▸ Exercise instructions
Nothing but the text of the records belongs in your answer: repeat all of it exactly and leave out the images.

▸ Given information
————
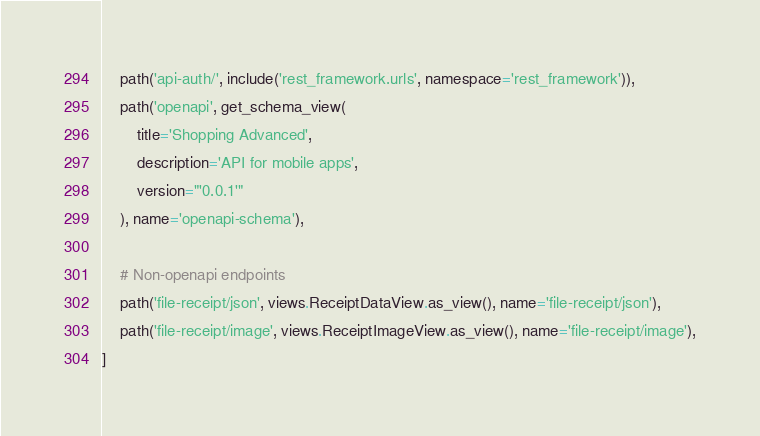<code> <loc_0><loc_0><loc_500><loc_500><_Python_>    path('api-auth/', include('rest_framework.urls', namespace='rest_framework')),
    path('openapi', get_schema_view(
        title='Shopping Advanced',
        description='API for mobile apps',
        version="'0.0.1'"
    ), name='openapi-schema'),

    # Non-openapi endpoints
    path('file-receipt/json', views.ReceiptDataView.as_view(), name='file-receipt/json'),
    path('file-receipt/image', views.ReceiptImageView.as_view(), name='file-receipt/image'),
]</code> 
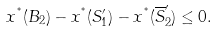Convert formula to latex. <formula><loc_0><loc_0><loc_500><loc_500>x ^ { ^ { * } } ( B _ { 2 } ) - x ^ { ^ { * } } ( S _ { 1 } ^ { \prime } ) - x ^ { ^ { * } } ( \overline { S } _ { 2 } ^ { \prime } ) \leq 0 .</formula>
————
▸ Problem solution
<code> <loc_0><loc_0><loc_500><loc_500><_Python_>    path('api-auth/', include('rest_framework.urls', namespace='rest_framework')),
    path('openapi', get_schema_view(
        title='Shopping Advanced',
        description='API for mobile apps',
        version="'0.0.1'"
    ), name='openapi-schema'),

    # Non-openapi endpoints
    path('file-receipt/json', views.ReceiptDataView.as_view(), name='file-receipt/json'),
    path('file-receipt/image', views.ReceiptImageView.as_view(), name='file-receipt/image'),
]</code> 
Convert formula to latex. <formula><loc_0><loc_0><loc_500><loc_500>x ^ { ^ { * } } ( B _ { 2 } ) - x ^ { ^ { * } } ( S _ { 1 } ^ { \prime } ) - x ^ { ^ { * } } ( \overline { S } _ { 2 } ^ { \prime } ) \leq 0 .</formula>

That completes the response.